Regulation of the Na/Ca Exchanger
There is a growing body of evidence for a functional association of PLM and the cardiac Na/Ca exchanger protein (NCX). Central to this is the work from the laboratory of Joseph Cheung. NCX is a membrane-bound protein catalyzing the trans-sarcolemmal transport of three Na ions in exchange for one Ca ion. This process is driven by the energy of the prevailing Na gradient. Unlike the regulation of NKA, PLM phosphorylation at Ser68 has been reported to inhibit the cardiac Na/Ca exchanger (NCX1) (see Cheung et al. 2010 for review). In 2002, the Cheung group first reported that PLM modulates NCX1 activity in adult rat ventricular myocytes (Zhang et al. 2003). In this study, PLM was overexpressed using adenovirus-mediated gene transfer; NCX1 activity was assessed by measuring the half-time of relaxation from caffeine-induced contracture (a surrogate marker of forward NCX1 activity) and by electrophysiological measurements on the reverse-mode NCX1 current (3 Na out:1 Ca in). Their results showed that PLM overexpression resulted in a prolonged half-time of relaxation to caffeine with a significantly reduced NCX1 current, suggesting inhibition of Na/Ca exchange. A subsequent report where PLM was downregulated showed the opposite effect to PLM overexpression (i.e., stimulation of NCX1) (Mirza et al. 2004). Because PLM appears to inhibit both the influx and efflux of Ca by NCX1, the change in intracellular Na (secondary to changes in Na/K pump activity via PLM) cannot account for these findings (Garty and Karlish 2006). Furthermore, Zhang et al. (2003) showed that PLM and NCX1 colocalize at the plasma membrane and transverse-tubule using confocal microscopy. However, no interaction can be detected between PLM and NCX1 when assessed using FRET (Bossuyt et al. 2006).

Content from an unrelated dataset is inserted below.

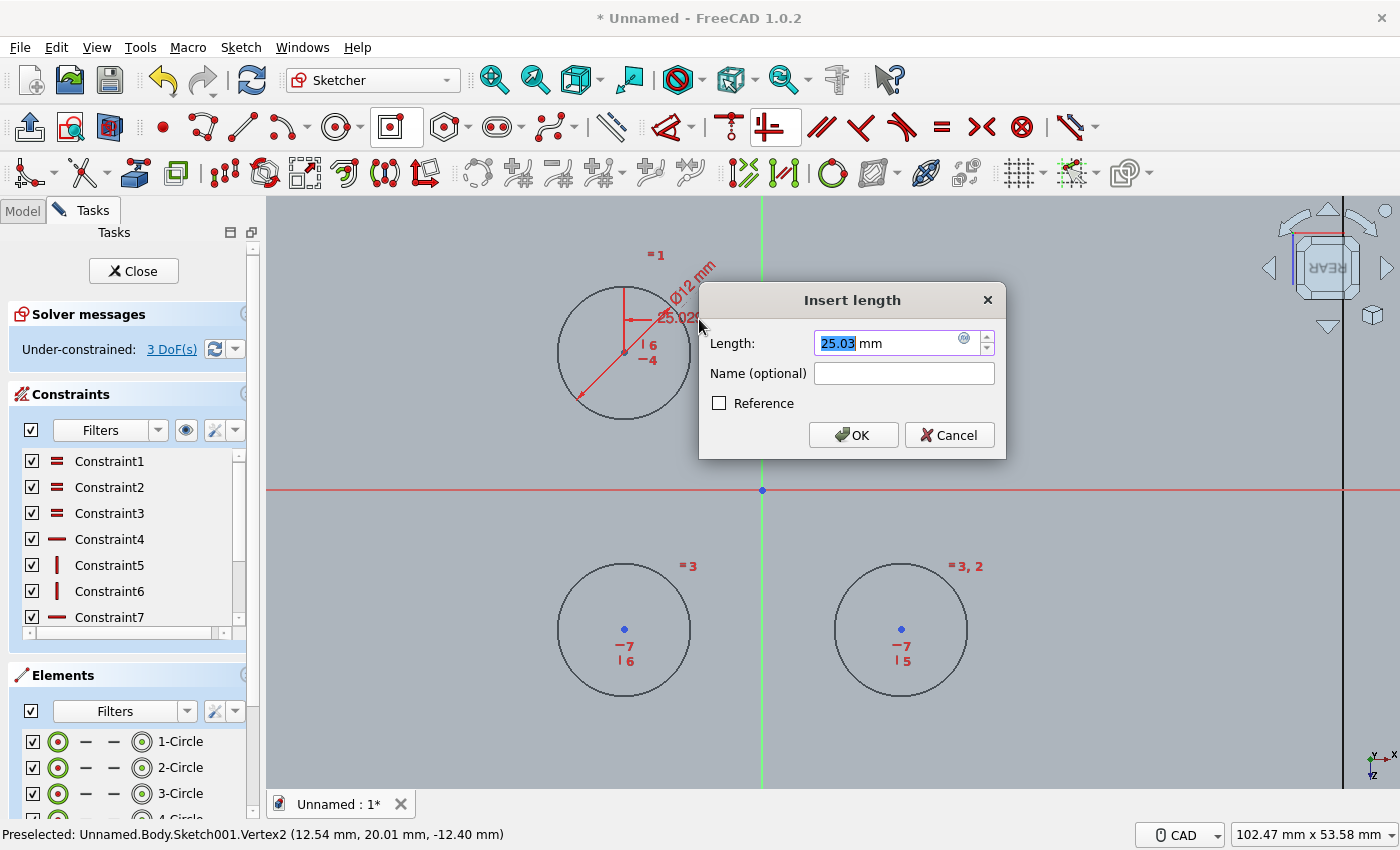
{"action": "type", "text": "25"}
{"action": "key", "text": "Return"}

Regulation of the L-Type Ca Channel
A small number of reports have suggested that overexpressed PLM may modulate cardiac L-type Ca channel (LTCC) activity. The LTCC is a voltage-gated Ca channel, which in the heart, opens upon membrane depolarization resulting in an inward Ca current (I Ca,L ) and a subsequent increase in intracellular Ca. This Ca influx is a critical step in initiating cardiac contraction by triggering the release of a larger amount of Ca from intracellular stores via the process of calcium-induced calcium-release. The first report of a potential role for PLM in regulating LTCC activity came from the laboratory of Blaise Peterson in 2010 (Wang et al. 2010), with a more recent collaborative study published between Blaise Peterson and Joseph Cheung (Zhang et al. 2015). Wang et al. (2010) found that Cav1.2 channels (L-type Ca channel) coimmunoprecipitated with PLM from guinea pig ventricular myocytes. Furthermore, in transfected HEK293 cells, PLM was found to modulate a number of important gating processes of Cav1.2 channels but not Cav2.1 (P/Q-type) or Cav2.2 (N-type) channels. For example, co-expression of PLM with Cav2.1 slowed deactivation of this Ca channel in a time- and voltage-dependent manner. This, potentially, could result in greater Ca entry during the repolarization phase of the cardiac action potential (Wang et al. 2010). Further work will be required to confirm and characterize any interaction between PLM and L-type Ca channels.
PLM Regulation in Disease
There is a large body of literature investigating the regulation of PLM in disease, specifically of that in the heart. Despa and colleagues demonstrated in 2008 that during β-adrenergic receptor (β-AR) stimulation, PLM phosphorylation at Ser68 leads to increased Na/K pump activity and thereby attenuates Na channel-mediated Na overload. In PLM knockout (PLMKO) isolated cardiac myocytes, absence of this intracellular Na regulatory mechanism leads to Ca overload and thus an increased propensity for spontaneous Ca transients and contractions (Despa et al. 2008). Thus, PLM acts to protect the heart from Ca overload and triggered arrhythmias by preventing Na overload. Of note are the observations that PLM Ser68 phosphorylation is reduced in mouse models of heart failure (Boguslavskyi et al. 2014) as well as in human heart failure (El-Armouche et al. 2011).
In a knockin mouse model (PLM3SA) whereby PLM was rendered unphosphorylatable (Ser63, 68, and 69 mutated to alanines), Na/K pump activity was reduced versus wild-type (WT) littermates (Boguslavskyi et al. 2014). The reduction of Na/K pump activity in PLM3SA mice was subsequently found to lead to decreased Na/Ca exchange activity and increased diastolic Ca (i.e., diastolic dysfunction). Furthermore, PLM3SA mice subjected to aortic constriction (model of heart failure) developed greater Na overload, contractile dysfunction and exacerbated adverse hypertrophic remodeling versus WT (Boguslavskyi et al. 2014).
Collectively, PLM phosphorylation appears to protect the heart from arrhythmias, contractile dysfunction, and adverse cardiac remodeling by limiting intracellular Na and Ca overload.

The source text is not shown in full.